Aim of the exercise -> Of the entries below, return exactly those lines that fall between the one containing "Keep it short and to the point. No." and the one containing "Your answer should be very brief. Other", the two end lines included.

::: Records :::

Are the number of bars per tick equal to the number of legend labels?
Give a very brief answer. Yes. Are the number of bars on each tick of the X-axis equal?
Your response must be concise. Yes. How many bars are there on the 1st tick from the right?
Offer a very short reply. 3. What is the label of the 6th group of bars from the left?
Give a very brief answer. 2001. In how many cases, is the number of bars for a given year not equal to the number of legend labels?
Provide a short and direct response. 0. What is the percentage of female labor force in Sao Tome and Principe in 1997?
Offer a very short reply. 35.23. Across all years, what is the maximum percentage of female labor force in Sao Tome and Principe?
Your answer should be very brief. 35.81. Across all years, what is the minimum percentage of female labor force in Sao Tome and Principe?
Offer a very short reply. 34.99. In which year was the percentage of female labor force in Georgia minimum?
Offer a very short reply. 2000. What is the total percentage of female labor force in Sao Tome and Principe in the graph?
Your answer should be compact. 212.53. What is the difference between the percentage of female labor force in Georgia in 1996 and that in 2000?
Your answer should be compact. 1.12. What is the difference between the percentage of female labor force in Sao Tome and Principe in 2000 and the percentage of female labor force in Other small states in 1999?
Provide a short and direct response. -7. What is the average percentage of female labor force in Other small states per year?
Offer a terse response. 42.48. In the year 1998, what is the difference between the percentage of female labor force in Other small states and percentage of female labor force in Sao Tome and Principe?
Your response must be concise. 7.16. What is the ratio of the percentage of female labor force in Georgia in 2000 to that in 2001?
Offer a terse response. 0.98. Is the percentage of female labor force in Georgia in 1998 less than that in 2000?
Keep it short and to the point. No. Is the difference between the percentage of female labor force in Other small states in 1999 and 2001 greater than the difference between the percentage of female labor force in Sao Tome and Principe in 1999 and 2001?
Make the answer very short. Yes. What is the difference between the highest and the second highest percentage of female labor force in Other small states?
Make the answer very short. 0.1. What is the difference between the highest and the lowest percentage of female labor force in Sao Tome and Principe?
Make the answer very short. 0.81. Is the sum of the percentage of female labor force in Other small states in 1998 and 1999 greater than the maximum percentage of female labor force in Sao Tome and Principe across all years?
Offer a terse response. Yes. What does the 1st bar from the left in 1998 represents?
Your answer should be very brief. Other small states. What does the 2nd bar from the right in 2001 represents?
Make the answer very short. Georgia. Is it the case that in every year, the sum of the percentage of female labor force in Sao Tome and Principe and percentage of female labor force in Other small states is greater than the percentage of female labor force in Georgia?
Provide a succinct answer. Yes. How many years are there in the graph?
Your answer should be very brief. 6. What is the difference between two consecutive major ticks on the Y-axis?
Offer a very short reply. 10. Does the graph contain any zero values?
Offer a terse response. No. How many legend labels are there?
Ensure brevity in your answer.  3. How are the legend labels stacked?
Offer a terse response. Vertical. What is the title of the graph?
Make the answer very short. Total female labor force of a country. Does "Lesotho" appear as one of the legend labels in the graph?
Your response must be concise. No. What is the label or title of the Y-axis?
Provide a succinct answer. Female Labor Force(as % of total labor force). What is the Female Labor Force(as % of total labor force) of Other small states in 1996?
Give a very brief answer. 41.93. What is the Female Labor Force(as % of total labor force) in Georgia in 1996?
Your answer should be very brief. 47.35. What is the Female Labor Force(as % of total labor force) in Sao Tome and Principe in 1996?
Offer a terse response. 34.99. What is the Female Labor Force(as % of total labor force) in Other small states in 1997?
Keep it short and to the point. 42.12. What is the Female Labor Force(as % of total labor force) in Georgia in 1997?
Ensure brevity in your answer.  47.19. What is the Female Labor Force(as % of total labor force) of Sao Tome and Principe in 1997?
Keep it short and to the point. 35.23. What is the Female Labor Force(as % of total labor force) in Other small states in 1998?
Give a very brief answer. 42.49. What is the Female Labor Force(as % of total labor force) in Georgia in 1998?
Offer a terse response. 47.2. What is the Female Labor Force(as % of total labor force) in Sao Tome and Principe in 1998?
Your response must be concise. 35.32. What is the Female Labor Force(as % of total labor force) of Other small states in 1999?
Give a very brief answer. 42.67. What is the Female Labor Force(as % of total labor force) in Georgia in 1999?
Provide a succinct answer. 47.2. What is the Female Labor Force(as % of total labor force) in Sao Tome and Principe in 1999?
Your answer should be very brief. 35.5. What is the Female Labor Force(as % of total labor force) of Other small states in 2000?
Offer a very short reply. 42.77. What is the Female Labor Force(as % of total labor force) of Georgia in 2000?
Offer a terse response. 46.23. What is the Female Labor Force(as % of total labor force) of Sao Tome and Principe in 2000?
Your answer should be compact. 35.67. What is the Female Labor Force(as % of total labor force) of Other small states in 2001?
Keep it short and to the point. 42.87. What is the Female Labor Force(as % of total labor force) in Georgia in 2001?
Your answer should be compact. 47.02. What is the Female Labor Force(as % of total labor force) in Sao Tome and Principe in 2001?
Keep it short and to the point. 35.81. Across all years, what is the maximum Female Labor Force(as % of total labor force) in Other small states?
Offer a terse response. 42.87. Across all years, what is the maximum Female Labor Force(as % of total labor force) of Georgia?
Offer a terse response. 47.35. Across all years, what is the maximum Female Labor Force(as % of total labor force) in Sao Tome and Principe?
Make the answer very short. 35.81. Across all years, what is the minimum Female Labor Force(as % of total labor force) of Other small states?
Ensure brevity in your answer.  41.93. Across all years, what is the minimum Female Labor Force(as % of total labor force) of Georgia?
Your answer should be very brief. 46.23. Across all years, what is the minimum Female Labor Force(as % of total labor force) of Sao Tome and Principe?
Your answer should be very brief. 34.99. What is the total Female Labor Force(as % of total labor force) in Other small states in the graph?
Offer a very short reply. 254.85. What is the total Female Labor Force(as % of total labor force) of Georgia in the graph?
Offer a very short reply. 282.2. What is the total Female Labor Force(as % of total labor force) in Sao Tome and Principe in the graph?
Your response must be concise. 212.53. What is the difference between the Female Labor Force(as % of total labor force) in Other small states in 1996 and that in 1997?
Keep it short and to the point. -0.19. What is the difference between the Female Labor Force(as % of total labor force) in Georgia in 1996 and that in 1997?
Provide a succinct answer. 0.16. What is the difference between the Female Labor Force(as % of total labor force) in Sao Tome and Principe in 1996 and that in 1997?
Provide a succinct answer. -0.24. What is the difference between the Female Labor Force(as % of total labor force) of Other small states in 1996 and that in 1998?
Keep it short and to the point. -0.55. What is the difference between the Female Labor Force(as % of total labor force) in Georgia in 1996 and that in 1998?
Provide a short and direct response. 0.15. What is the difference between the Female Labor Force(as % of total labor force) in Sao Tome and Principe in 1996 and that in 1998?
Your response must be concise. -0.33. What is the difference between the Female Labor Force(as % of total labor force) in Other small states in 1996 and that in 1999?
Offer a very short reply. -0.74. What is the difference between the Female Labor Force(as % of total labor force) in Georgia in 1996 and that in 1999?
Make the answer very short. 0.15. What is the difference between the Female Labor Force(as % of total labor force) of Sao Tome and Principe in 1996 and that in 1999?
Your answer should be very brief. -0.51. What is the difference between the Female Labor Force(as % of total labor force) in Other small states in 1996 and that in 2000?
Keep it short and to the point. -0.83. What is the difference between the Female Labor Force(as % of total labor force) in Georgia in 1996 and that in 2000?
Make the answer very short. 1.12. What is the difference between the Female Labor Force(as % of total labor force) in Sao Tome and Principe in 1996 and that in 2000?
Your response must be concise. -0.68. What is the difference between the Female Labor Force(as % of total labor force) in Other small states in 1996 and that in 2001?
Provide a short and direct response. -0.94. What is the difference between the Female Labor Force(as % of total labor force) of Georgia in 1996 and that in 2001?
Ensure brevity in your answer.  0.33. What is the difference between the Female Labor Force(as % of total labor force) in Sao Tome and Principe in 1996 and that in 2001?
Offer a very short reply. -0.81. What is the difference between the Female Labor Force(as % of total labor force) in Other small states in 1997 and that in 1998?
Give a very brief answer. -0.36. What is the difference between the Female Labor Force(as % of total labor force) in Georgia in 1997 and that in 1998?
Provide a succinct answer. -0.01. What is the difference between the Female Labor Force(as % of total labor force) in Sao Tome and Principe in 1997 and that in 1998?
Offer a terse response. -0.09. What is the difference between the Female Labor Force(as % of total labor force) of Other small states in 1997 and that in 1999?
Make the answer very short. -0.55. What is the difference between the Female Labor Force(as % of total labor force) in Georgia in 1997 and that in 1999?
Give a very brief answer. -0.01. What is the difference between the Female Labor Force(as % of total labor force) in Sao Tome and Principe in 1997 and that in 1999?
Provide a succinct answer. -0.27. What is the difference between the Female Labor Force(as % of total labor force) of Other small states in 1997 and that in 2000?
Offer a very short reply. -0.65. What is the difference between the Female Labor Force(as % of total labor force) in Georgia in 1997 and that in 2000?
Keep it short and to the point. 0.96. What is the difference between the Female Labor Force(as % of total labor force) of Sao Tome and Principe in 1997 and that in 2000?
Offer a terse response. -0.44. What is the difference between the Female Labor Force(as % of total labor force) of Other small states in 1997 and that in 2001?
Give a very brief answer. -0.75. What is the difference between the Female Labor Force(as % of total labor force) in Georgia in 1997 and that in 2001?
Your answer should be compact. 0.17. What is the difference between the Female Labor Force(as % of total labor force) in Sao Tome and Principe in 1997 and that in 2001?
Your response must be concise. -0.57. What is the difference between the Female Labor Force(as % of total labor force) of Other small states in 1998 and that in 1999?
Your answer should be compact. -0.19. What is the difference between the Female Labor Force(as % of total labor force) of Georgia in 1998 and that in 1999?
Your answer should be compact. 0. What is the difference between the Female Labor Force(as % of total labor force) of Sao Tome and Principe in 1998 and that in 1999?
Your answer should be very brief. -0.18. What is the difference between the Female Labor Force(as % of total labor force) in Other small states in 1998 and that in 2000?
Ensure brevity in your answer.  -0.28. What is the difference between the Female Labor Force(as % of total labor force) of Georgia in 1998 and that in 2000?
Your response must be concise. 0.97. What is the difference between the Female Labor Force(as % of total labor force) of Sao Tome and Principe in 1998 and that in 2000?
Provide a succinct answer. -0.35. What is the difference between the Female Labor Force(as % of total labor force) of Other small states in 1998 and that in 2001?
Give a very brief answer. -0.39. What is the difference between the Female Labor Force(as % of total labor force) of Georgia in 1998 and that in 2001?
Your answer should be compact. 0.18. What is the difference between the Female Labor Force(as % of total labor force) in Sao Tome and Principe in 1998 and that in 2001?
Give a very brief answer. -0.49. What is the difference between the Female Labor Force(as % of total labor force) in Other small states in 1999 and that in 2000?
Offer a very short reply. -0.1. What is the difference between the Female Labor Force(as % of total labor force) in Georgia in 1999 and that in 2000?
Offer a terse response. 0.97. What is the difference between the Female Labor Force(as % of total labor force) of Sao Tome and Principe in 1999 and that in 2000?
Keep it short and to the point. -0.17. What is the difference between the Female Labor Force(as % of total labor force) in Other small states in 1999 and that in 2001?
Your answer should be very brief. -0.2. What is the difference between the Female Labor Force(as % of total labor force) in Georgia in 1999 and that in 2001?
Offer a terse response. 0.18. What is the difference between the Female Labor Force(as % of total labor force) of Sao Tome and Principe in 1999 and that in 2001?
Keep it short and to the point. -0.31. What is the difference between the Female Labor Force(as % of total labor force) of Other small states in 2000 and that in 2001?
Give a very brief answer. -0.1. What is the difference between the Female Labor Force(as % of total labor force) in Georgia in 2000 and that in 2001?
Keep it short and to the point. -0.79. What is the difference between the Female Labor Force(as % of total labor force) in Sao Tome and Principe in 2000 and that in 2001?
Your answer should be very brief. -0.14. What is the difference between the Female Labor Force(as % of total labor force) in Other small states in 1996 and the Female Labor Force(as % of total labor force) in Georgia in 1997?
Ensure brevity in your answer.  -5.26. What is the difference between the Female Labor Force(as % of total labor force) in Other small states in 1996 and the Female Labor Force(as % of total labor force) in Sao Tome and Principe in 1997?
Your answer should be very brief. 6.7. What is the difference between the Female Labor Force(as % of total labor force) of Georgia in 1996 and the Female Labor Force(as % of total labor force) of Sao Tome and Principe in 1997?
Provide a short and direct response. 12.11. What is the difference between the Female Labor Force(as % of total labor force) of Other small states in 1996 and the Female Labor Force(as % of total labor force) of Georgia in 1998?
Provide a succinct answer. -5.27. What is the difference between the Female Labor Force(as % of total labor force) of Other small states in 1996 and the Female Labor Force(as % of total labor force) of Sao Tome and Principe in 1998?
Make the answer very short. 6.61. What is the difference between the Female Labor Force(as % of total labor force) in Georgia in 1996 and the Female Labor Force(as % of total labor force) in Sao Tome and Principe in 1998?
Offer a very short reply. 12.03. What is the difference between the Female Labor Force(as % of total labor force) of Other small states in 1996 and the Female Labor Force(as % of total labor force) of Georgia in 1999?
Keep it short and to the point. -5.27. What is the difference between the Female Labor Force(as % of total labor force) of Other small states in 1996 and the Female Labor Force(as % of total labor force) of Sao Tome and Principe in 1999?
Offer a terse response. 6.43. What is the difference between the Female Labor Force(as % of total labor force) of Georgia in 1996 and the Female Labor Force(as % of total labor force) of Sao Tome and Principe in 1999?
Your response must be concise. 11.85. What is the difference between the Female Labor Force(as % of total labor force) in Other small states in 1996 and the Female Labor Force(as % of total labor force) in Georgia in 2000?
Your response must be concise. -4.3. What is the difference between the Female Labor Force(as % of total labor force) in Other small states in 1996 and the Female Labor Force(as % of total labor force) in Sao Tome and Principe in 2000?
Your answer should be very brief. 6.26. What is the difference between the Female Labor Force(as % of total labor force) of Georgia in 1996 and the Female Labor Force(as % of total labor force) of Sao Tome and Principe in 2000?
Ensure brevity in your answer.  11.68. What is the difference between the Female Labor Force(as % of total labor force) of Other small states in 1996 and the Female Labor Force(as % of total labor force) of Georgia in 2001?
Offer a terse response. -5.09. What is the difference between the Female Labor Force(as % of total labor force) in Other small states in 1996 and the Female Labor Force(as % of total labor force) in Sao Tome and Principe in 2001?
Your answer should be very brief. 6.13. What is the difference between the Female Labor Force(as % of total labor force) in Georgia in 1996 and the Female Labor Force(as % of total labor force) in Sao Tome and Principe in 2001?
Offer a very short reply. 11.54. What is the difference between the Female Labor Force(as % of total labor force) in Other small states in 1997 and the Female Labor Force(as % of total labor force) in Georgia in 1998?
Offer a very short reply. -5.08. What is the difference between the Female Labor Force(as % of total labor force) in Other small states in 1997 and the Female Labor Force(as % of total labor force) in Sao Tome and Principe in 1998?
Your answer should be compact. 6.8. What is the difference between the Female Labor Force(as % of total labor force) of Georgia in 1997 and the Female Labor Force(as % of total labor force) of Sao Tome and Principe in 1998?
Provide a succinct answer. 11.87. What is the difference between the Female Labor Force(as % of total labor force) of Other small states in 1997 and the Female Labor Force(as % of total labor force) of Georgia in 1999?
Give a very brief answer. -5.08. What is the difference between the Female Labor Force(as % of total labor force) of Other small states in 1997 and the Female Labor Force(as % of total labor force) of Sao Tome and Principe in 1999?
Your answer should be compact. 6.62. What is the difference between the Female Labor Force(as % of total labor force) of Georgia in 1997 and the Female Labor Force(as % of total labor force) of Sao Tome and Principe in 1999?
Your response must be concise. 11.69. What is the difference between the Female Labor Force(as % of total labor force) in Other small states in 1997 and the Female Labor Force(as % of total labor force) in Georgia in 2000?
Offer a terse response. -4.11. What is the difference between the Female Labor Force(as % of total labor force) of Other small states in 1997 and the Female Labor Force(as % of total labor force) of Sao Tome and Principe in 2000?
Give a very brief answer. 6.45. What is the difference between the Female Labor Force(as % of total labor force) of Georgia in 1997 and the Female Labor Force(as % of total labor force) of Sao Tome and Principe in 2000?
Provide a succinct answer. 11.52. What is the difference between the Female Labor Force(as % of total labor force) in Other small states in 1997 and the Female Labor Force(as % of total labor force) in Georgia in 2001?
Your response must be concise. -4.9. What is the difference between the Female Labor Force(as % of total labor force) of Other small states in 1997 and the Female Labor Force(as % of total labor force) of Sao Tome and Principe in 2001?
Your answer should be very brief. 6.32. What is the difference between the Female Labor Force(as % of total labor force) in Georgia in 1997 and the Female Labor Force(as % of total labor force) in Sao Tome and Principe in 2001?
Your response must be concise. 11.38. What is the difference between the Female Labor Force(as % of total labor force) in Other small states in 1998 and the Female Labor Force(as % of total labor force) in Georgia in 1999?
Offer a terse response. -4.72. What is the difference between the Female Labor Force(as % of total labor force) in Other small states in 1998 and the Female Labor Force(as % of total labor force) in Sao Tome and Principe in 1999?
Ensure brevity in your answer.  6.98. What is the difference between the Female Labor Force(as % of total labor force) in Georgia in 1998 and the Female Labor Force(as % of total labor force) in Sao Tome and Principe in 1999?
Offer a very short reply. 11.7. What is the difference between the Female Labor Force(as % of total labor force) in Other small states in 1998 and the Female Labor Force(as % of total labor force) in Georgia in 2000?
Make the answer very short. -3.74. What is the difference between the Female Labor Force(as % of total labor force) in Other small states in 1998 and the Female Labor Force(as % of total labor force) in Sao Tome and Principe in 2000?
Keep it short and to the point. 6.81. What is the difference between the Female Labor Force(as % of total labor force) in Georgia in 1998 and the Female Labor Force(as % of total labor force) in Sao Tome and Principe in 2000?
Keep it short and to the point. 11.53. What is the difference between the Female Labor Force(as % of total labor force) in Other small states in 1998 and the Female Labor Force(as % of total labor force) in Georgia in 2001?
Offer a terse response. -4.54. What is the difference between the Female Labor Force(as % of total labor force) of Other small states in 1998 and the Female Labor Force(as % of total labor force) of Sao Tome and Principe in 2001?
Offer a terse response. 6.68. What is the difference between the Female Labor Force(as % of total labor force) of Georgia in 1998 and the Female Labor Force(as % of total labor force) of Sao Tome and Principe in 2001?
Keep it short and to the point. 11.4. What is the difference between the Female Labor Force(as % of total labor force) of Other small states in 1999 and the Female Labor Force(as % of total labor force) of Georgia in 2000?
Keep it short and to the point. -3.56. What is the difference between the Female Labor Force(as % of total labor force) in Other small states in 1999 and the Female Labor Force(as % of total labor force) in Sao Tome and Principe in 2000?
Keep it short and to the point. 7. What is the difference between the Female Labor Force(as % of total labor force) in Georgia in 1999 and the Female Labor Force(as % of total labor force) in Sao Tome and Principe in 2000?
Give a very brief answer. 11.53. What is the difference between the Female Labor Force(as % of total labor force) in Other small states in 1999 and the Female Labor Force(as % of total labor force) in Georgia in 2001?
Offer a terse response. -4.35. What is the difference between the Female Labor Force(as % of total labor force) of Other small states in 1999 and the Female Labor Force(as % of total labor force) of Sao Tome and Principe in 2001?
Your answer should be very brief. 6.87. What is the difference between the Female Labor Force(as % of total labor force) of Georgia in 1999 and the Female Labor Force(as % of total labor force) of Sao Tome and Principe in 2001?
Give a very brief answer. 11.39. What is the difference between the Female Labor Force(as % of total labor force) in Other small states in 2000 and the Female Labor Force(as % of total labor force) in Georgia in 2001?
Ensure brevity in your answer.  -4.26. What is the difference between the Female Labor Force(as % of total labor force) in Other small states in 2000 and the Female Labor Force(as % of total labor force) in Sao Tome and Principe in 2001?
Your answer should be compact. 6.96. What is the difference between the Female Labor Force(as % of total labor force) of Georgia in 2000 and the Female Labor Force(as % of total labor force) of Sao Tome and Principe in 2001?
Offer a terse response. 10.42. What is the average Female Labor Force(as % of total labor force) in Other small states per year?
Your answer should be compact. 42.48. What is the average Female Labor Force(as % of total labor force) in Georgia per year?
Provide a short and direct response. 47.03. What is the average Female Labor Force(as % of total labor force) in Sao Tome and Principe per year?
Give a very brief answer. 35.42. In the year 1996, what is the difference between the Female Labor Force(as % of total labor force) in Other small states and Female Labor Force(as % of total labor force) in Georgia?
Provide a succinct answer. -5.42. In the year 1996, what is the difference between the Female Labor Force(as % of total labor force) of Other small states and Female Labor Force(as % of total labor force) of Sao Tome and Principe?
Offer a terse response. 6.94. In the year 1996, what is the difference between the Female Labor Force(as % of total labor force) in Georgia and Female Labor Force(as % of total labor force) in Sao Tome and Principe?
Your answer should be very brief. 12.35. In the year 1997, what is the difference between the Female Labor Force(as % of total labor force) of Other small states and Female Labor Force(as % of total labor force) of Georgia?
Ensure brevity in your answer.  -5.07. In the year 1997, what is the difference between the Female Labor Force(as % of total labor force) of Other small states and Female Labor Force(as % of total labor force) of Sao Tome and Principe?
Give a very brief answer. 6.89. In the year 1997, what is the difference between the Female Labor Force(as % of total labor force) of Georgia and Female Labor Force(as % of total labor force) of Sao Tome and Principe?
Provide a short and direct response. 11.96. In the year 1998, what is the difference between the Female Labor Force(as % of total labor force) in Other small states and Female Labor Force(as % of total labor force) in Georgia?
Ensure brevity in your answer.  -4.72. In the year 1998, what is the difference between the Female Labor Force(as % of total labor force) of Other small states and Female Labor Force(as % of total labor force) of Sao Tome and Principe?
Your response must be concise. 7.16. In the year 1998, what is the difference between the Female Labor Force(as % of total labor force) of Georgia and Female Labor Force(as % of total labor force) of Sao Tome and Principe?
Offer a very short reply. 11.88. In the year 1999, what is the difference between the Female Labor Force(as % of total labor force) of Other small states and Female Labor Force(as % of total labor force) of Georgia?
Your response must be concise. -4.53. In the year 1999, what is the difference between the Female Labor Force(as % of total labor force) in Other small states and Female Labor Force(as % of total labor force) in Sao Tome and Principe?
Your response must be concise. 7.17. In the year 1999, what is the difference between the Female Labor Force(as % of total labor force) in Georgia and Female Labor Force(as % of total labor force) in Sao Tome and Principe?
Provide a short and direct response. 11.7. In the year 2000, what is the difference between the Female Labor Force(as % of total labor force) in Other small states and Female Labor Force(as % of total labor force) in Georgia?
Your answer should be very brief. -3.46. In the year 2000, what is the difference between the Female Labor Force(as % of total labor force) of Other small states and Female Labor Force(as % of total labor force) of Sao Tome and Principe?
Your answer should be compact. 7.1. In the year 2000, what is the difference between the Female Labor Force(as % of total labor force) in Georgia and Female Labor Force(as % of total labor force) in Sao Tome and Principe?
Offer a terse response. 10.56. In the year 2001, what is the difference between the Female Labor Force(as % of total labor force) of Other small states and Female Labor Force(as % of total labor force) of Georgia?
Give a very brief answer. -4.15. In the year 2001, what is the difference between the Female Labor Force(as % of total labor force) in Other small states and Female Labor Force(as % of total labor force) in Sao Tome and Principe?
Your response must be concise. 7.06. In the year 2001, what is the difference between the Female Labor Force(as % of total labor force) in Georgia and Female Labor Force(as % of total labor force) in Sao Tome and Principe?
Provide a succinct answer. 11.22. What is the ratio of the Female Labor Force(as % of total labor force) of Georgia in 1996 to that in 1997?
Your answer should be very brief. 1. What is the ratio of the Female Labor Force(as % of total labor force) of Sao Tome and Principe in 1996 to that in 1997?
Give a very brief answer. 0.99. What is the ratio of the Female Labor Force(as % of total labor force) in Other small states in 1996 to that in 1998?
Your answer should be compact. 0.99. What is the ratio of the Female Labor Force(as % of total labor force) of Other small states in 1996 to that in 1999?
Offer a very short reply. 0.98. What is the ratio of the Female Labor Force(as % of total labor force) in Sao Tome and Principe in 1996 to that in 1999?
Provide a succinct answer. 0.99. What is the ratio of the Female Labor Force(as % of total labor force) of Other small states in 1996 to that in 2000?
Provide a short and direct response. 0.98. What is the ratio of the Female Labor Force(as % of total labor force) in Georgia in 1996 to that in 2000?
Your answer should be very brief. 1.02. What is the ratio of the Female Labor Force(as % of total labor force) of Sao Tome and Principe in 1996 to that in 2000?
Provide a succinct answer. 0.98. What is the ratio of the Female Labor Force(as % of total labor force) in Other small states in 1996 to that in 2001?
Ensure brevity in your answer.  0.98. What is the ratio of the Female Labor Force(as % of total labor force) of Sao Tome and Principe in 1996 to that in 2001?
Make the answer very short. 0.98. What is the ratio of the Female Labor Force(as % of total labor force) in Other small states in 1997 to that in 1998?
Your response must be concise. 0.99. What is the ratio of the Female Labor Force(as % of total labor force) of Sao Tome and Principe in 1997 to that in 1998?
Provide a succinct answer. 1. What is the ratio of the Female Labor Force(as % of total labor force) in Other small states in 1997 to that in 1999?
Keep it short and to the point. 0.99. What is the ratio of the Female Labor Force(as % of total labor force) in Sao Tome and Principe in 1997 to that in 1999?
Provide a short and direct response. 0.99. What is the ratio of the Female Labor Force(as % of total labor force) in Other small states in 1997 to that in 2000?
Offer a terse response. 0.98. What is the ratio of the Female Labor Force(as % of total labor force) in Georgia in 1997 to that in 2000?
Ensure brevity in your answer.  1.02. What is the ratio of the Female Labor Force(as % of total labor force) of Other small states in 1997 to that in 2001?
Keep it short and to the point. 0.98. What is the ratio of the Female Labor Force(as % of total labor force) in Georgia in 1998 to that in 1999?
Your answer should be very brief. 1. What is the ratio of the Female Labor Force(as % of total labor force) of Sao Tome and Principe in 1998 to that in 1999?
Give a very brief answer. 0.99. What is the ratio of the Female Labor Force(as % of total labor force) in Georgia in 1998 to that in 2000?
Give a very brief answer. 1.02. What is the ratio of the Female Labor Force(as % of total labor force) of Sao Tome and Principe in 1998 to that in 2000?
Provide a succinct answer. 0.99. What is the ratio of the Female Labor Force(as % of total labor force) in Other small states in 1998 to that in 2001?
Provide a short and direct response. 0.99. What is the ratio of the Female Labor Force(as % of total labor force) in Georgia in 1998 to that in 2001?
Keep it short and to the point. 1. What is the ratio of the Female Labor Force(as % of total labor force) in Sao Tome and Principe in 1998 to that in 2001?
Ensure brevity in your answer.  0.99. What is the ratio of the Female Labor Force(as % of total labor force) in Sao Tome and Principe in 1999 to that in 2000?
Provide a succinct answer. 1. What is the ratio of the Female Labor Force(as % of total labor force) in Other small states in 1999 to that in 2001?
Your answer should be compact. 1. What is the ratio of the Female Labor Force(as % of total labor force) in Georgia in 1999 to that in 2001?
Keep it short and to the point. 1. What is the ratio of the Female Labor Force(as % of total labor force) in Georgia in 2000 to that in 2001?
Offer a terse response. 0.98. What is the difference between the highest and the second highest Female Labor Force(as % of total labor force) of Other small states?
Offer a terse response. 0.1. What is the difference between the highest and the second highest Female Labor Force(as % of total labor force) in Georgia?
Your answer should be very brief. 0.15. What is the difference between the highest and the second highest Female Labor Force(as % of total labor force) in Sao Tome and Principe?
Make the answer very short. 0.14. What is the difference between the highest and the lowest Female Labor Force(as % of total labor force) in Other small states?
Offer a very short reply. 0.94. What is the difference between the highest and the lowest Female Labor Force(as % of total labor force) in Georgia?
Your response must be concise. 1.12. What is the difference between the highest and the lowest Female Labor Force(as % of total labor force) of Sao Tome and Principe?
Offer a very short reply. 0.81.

:::

Solution to this problem ->
Keep it short and to the point. No. Is the difference between the percentage of female labor force in Other small states in 1999 and 2001 greater than the difference between the percentage of female labor force in Sao Tome and Principe in 1999 and 2001?
Make the answer very short. Yes. What is the difference between the highest and the second highest percentage of female labor force in Other small states?
Make the answer very short. 0.1. What is the difference between the highest and the lowest percentage of female labor force in Sao Tome and Principe?
Make the answer very short. 0.81. Is the sum of the percentage of female labor force in Other small states in 1998 and 1999 greater than the maximum percentage of female labor force in Sao Tome and Principe across all years?
Offer a terse response. Yes. What does the 1st bar from the left in 1998 represents?
Your answer should be very brief. Other small states. What does the 2nd bar from the right in 2001 represents?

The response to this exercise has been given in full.